Six weekend habits of highly successful people
1. Get up early
Robert Iger, Disney CEO gets up at 4:30 every morning. Successful people do not stay in bed until 11 a.m on a weekend. Research shows that your brain is sharpest two and a half to four hours after waking. So, get up early on a weekend and you’ve got a head start on the rest of the world.
2. Have a plan
The question Benjamin Franklin asked himself every morning, “What good shall I do today?” Ask a successful person and they’ll tell you the importance of daily goals. This includes weekends. Sure, they can be a time for (planned and purposeful) rejuvenation, but you don’t have to be President to know that general slacking off is not an option.
3. Don’t multi-task
Timothy Ferris knows that multi-tasking is so 2005. As much as it’s tempting to maximize your weekend productivity by running on the treadmill while calling your father and trolling your newsfeed, successful people know how this just reduces efficiency and effectiveness. Rather, be present for each single activity. Ferris says a maximum of two goals or tasks per day to will help you ensure productivity and accomplishments align.
4. Stay active
Anna Wintour, Vogue’s editor-in-chief plays tennis for one hour every day. And she’s not the only one making time for exercise. Richard Branson kite surfs and India’s fourth-richest billionaire is a serial marathon runner. Successful people know how important an active body is for an active mind — weekends included.
5. Make time for hobbies
Warren Buffet may be considered the most successful investor of the 20th century, but in his “spare” time he likes to play the ukulele. Ofcourse, golfing on Saturdays can be a great way to network and source business opportunities. But, even solo hobbies — knitting like Meryl Streep or oil painting like George W. Bush — can aid success through fostering creativity and relieving stress.

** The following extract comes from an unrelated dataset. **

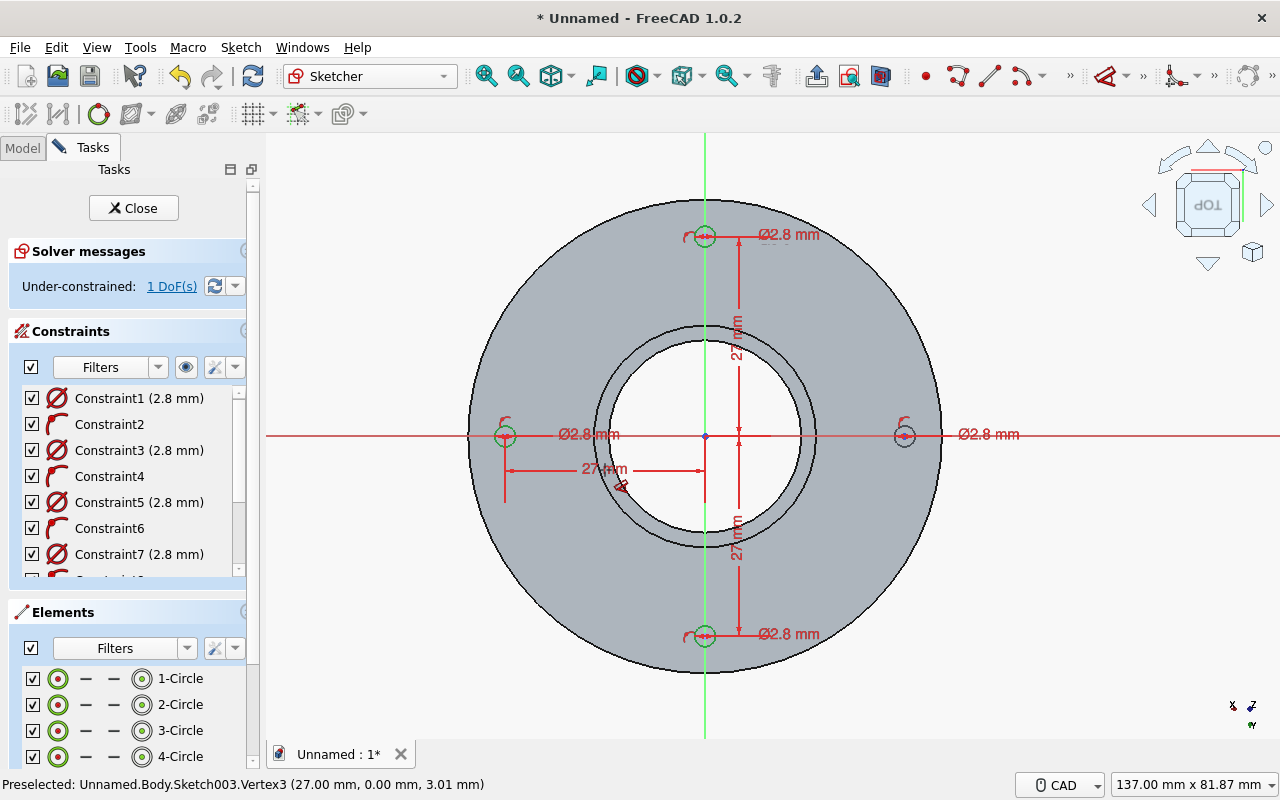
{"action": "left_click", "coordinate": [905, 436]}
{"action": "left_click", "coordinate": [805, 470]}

6. Get ready for the rest of the week
Jack Dorsey, the Twitter and Square co-founder is notorious for 16-hour work days from Monday to Friday but says, “Saturday I take off. I hike. And then Sunday is reflections, feedback, strategy and getting ready for the rest of the week.” Forget Sunday blues, let’s call it “Sort-Your-Life-Out Sunday.” Laura Vanderkam, author of “What the Most Successful People Do on the Weekend,” says successful people know that weekends are actually the secret weapon in professional success: “You need to hit Monday ready to go.”